Well, now that you mention it, there's another trace right in front of
the oops. Don't know why I missed it - probably thought it was the same
thing. It says allocation failure. I am running FC2 with 128MB SDRAM.
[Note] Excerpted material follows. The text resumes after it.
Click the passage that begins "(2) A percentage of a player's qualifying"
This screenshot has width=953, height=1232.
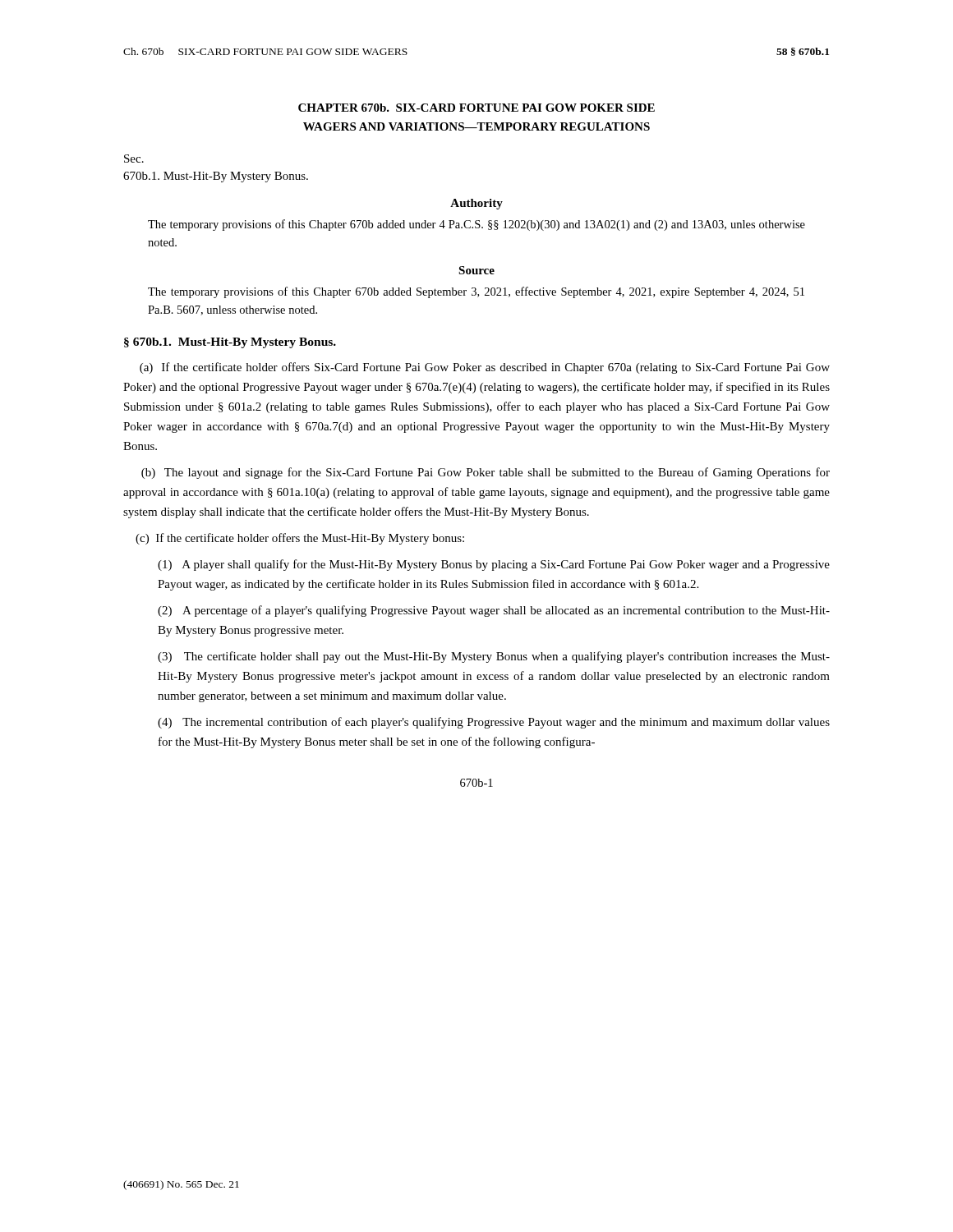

thunderbird-bin: page allocation failure. order:5, mode:0x50
[<0212d155>] __alloc_pages+0x29a/0x2b4
[<0212d187>] __get_free_pages+0x18/0x24
[<0212f6ec>] kmem_getpages+0x15/0x98
[<0212ff3c>] cache_grow+0x7b/0x18e
[<02130184>] cache_alloc_refill+0x135/0x164
[<02130562>] __kmalloc+0x64/0x76
[<0a8e7e0a>] xfs_iext_realloc+0x1c8/0x23b [xfs]
[<0a8c4883>] xfs_bmap_insert_exlist+0x23/0xae [xfs]
[<0a8c1cc7>] xfs_bmap_add_extent_hole_delay+0x42f/0x485 [xfs]
[<0218fcd9>] __delay+0x9/0xa
[<021f9ec8>] dma_timer_expiry+0x0/0x63
[<0a8bf6e8>] xfs_bmap_add_extent+0x13b/0x38e [xfs]
[<0a8c66d9>] xfs_bmapi+0x946/0x104d [xfs]
[<0a8f997b>] xfs_trans_read_buf+0x44/0x2d9 [xfs]
[<0a8cbe79>] xfs_bmbt_get_state+0xa/0x18 [xfs]
[<0a8c4ef4>] xfs_bmap_search_extents+0x3d/0x43 [xfs]
[<0a8c60a7>] xfs_bmapi+0x314/0x104d [xfs]
[<0a8ea9fe>] xfs_iomap_write_delay+0x54a/0x5b6 [xfs]
[<0212c0a1>] mempool_alloc+0x5d/0xf6
[<0a8e9f4c>] xfs_iomap+0x23b/0x3eb [xfs] Jun 3 19:57:11 cobra kernel:
[<0a8e9ff4>] xfs_iomap+0x2e3/0x3eb [xfs]
[<0a90910c>] xfs_bmap+0x1a/0x1e [xfs]
[<0a9036f3>] linvfs_get_block_core+0x83/0x234 [xfs]
[<021e25f6>] cfq_next_request+0x21/0x37
[<02140f8b>] __wait_on_buffer+0x7d/0x85 Jun 3 19:57:11 cobra kernel:
[<0a9038b7>] linvfs_get_block+0x13/0x17 [xfs]
[<021425a7>] __block_prepare_write+0x146/0x3a5
[<02142e47>] block_prepare_write+0x16/0x22
[<0a9038a4>] linvfs_get_block+0x0/0x17 [xfs]
[<0212b79d>] generic_file_aio_write_nolock+0x57e/0x84e
[<0a9038a4>] linvfs_get_block+0x0/0x17 [xfs]
[<0a8e91d1>] xfs_ichgtime+0xee/0xf6 [xfs] Jun 3 19:57:11 cobra kernel:
[<0a908e2a>] xfs_write+0x3e5/0x675 [xfs]
[<0a9058cf>] linvfs_write+0xa6/0xbc [xfs]
[<021400cb>] do_sync_write+0x68/0x9d
[<02146f77>] sys_stat64+0x1e/0x23
[<021401b8>] vfs_write+0xb8/0xe4
[<02140252>] sys_write+0x2c/0x42

2004-06-07 10:38:57

by Ivan Gyurdiev

[permalink] [raw]
Subject: Re: xfs corruption or not


> Do you know if the kernel was low on memory at the time? (any
> signs of allocation failures in your system log?)
>
> This looks like a memory allocation failure which hasn't been
> gracefully handled (or approriately retried) in XFS - there's
> a few patches being worked on to improve this, but they aren't
> ready to be merged in just yet.


---
Well, now that you mention it, there's another trace right in front of
the oops. Don't know why I missed it - probably thought it was the same
thing. It says allocation failure. I am running FC2 with 128MB SDRAM.
----

(Trace in previous message in thread)

I think this is caused by working with a 385 MB LKML archive file when
low on memory (basically all the time..) I can't ls -l that particular
folder after t-bird locks up, since ls locks up too and becomes unkillable.